Başını kaldırıp sesin geldiği kişiye baktı ve kahverengi saçları at kuyruğu yapılmış orta yaşlı bir betanın korkuyla omzuna doğru yatırdığı adama baktığını gördü. Onun sesi kendisininkinden çok daha yüksekti bu yüzden kadının nidasından sonra bütün dikkatler üzerlerine çevrilmişti. "Ambulans çağırın! Bu Lider Jeon!" dediğini duydu çevrelerine toplanan kalabalıktan birinin. Bir anda pek çok kişi telefonlarını ellerine almışlardı. Taehyung onların hareketlerini takip edemezken, "Yardıma ihtiyacı var." demesine engel olamadı. Eli sıkıca liderin omzunu kavramıştı ve sesi gerçekten endişeli çıkıyordu. Çürük mandalina kokusu genzini yakıyordu. 

Bu sefer genzini yakan yalnızca çürük mandalina kokusu da değildi. Kokunun anlamıydı. 

Ardı arkasına dizilen hıçkırıklar, küçük parmakların sıkıca kavradığı sahibinin bir daha kullanamayacağı kıyafetler, bir daha kullanılmayacak olan o oda ve çilek kokusu. Çürük çilek kokusu. 

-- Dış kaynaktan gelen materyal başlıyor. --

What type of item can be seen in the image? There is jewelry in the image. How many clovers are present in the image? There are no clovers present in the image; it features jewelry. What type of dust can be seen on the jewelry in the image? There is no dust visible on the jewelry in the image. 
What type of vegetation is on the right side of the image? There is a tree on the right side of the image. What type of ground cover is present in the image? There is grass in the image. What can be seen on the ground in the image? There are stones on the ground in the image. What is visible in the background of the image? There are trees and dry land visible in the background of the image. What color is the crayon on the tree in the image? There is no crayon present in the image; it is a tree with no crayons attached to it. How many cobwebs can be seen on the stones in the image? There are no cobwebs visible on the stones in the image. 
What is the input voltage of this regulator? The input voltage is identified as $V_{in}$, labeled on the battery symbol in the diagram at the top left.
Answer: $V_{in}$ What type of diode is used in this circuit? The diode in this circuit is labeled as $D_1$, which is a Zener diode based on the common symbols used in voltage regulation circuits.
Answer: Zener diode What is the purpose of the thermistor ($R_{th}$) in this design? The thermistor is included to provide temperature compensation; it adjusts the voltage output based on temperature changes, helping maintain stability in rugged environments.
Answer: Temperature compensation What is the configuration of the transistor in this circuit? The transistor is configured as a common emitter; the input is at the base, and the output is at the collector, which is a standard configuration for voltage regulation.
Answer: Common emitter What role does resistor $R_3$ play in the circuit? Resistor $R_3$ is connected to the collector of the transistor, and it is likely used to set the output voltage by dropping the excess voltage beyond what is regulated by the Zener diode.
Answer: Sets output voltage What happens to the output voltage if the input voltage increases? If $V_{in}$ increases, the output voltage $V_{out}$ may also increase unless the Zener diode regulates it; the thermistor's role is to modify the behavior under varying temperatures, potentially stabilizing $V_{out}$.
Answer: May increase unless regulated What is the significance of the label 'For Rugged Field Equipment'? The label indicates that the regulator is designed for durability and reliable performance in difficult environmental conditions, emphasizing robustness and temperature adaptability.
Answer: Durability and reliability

Tanıdıklık hissi iç ürperticiydi. Kalabalığın arasından yine tanımadığı bir beden öne atılırken destek olduğu bedeni daha sıkı kavradı. Tanımadığı beden yanlarına yaklaştığında omzunda kendinden geçmiş olan bedeni geriye doğru çekip uzun zamandır kullanmadığı sert bir ses tonuyla, "Kimsin sen?" diye sordu. Karşısındaki adam bu soruyla kısa bir an duraksamış, daha sonra ise soğukkanlılıkla, "Doktorum. Ambulans gelene kadar yardımcı olabilirim." demişti. Taehyung doktorun anlamının tam olarak ne olduğunu bilmese de yardım kelimesi aklını çelmeyi başarmıştı. Bu yüzden her ne kadar istemese de omzundaki bedeni ona teslim etti. 

Bir alfa olan adam lideri ondan aldı. Üzerinde oturuyor oldukları koltukta dikkatle geriye yatırdı ve iki parmağıyla liderin boynuna baskı uyguladı. Taehyung onun ne yaptığını bilmiyordu. Tek bildiği, liderin yüzünün her geçen saniye biraz daha solduğuydu. Çürük mandalina kokusu yoğunlaşıyordu ve o ellerini kucağına düşerken, "Ölüyor." diye fısıldadı. Neyse ki uğultuların arasında kimse onun bu fısıltısını duymadı. 

"Onu tanıyor musunuz? Çalışanı mısınız?" Onunla ilgilenen ve doktor denen şey olduğunu söyleyen adam liderin göz kapaklarını kaldırıp gözlerine bakarken sorduğunda Taehyung içine düştüğü farkındalığın dehşetinden irkilerek sıyrıldı ve, "Biraz." dedi. Bu sefer başka bir soru yöneltilmişti. "Görünürde bir şeyi yok gibi gözüküyor fakat nabzı endişe verici. Herhangi bir hastalığı var mıydı?" Adamın onun aksine panik olmaktan uzak olan hali Taehyung'u rahatlatıyordu. Ona bildiği her şeyi anlatabilirmiş gibi hissediyordu. Yine de, bu sorunun cevabı onda yoktu.